OPINION: This year's budget takes boring to a whole new level.

Fri, 27 May 2016

This year’s budget takes boring to a whole new level. It contains the bare minimum to keep the media wolves at the door and to set the government up for election year.

The only real surprises are some money for 750 social housing places in Auckland and an increase in the tax on cigarettes by 10% per year for 4 years. That will see a pack of 20 cost $30 by 2020.

The real disappointment is the lack of funding for conservation.

Some things you need to know about budget announcements

Before we look at the spending, there are a couple of things you need to know.

Firstly government spending doesn’t get an automatic inflation adjustment – so anything that hasn’t had a funding increase in the Budget has actually had a cut in real terms. In other words, costs will have risen but their spending will be the same.

Secondly, the government has an interesting habit of announcing funding increases over four years. This makes them sound a lot bigger than they really are, which of course the government wants.

Economic overview
Thanks to tourism and immigration, the domestic economy is in pretty good shape. Immigration is expected to peak at 70,000 per year before dropping back. Of course, immigration puts more money in the government purse but not in the back pocket of the average person.

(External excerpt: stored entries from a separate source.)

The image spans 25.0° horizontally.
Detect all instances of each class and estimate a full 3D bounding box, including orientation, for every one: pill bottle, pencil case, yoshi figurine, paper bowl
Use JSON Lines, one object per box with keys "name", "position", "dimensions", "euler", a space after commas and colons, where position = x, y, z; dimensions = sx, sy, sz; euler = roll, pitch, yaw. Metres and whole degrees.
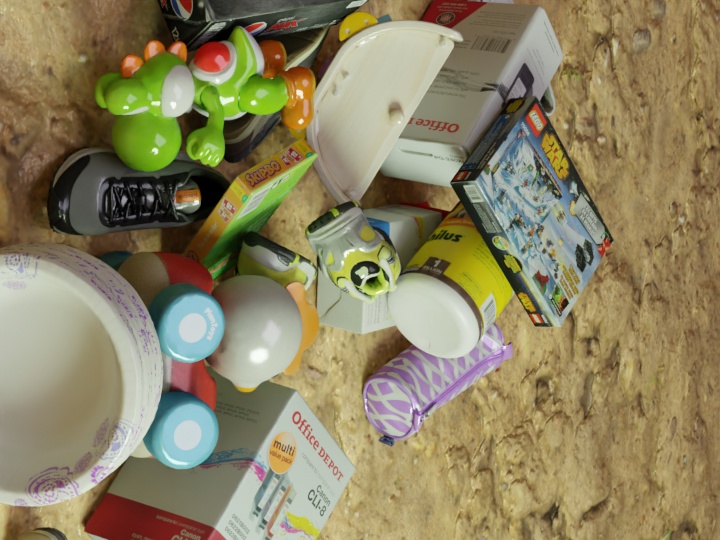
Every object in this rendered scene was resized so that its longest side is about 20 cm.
{"name": "pill bottle", "position": [0.121, -0.008, 1.728], "dimensions": [0.200, 0.108, 0.110], "euler": [-50, 135, -36]}
{"name": "pencil case", "position": [0.086, 0.117, 1.849], "dimensions": [0.200, 0.085, 0.085], "euler": [-36, 128, -44]}
{"name": "yoshi figurine", "position": [-0.143, -0.140, 1.421], "dimensions": [0.199, 0.112, 0.113], "euler": [-11, 82, -36]}
{"name": "paper bowl", "position": [-0.254, 0.078, 1.293], "dimensions": [0.104, 0.198, 0.203], "euler": [-33, 129, -76]}

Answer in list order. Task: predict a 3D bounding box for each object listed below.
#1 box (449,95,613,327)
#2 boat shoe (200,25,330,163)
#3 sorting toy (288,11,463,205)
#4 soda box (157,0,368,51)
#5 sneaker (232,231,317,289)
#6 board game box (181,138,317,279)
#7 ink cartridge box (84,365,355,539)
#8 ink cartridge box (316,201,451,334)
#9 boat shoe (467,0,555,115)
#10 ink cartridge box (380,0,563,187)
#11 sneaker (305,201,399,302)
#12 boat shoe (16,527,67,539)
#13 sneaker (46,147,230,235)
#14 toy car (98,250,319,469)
{"name": "box", "position": [0.181, -0.060, 1.686], "dimensions": [0.137, 0.040, 0.201], "euler": [-52, 123, -33]}
{"name": "boat shoe", "position": [-0.088, -0.188, 1.556], "dimensions": [0.202, 0.071, 0.066], "euler": [-59, 162, -29]}
{"name": "sorting toy", "position": [0.009, -0.176, 1.620], "dimensions": [0.201, 0.106, 0.180], "euler": [-58, 180, 9]}
{"name": "soda box", "position": [-0.087, -0.254, 1.472], "dimensions": [0.199, 0.063, 0.071], "euler": [-18, 83, -43]}
{"name": "sneaker", "position": [-0.090, 0.023, 1.534], "dimensions": [0.077, 0.075, 0.200], "euler": [-61, 174, -16]}
{"name": "board game box", "position": [-0.117, -0.039, 1.494], "dimensions": [0.095, 0.030, 0.200], "euler": [-35, 168, -44]}
{"name": "ink cartridge box", "position": [-0.129, 0.214, 1.535], "dimensions": [0.201, 0.144, 0.146], "euler": [-60, 139, -25]}
{"name": "ink cartridge box", "position": [0.039, -0.007, 1.766], "dimensions": [0.199, 0.067, 0.118], "euler": [-13, 109, -52]}
{"name": "boat shoe", "position": [0.183, -0.263, 1.894], "dimensions": [0.074, 0.065, 0.201], "euler": [-56, 138, -27]}
{"name": "ink cartridge box", "position": [0.107, -0.190, 1.744], "dimensions": [0.201, 0.144, 0.084], "euler": [-60, 140, -24]}
{"name": "sneaker", "position": [0.000, 0.000, 1.565], "dimensions": [0.075, 0.077, 0.200], "euler": [-32, 163, 7]}
{"name": "boat shoe", "position": [-0.265, 0.313, 1.447], "dimensions": [0.065, 0.071, 0.202], "euler": [-39, 126, -56]}
{"name": "sneaker", "position": [-0.193, -0.070, 1.429], "dimensions": [0.199, 0.079, 0.075], "euler": [-13, 111, -50]}
{"name": "toy car", "position": [-0.121, 0.072, 1.423], "dimensions": [0.198, 0.184, 0.179], "euler": [-1, 101, -29]}

Our international trading partners are still in strife but the outlook for New Zealand is (by comparison) rosy. That is even accounting for a predicted slow recovery in the dairy price over time – which in the meantime could mean a few farms get sold. The government can look forward to surpluses (small initially but rising to 2.5b by 2018), falling debt (to 20% of GDP by 2020), and maybe even contemplate a promise of tax cuts come election time. Super fund contributions are aimed to restart in 2021.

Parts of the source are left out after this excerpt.